Requirement:
The answer is the set of lines that include "roll", copied from the data below.

▽

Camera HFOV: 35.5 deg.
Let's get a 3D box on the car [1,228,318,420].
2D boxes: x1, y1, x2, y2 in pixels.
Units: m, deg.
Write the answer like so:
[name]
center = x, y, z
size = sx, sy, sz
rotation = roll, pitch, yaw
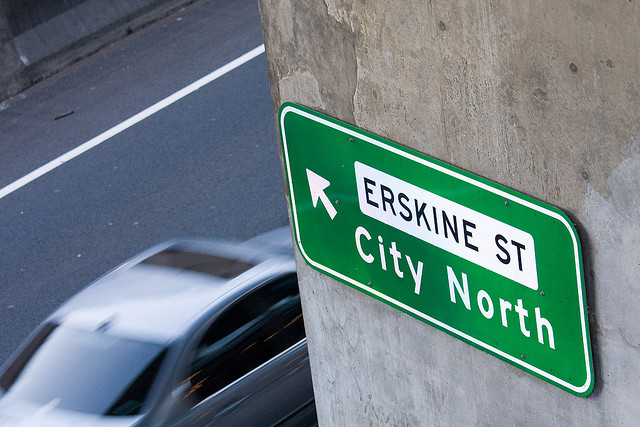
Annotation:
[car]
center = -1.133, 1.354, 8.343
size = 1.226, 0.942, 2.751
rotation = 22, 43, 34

△
▽

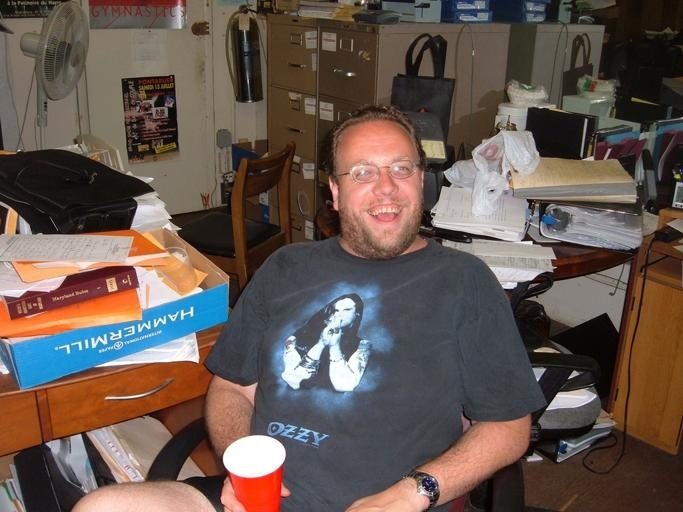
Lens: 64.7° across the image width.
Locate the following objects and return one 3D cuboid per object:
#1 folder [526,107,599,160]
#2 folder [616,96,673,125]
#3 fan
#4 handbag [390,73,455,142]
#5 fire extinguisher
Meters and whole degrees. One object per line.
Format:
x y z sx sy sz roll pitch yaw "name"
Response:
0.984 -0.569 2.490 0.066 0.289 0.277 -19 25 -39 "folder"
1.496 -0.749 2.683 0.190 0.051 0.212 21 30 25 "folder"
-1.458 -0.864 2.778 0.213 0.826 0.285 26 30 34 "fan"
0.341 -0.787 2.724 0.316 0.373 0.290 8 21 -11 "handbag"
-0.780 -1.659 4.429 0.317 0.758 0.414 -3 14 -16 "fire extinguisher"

△

Result of this task:
rotation = roll, pitch, yaw
x y z sx sy sz roll pitch yaw "name"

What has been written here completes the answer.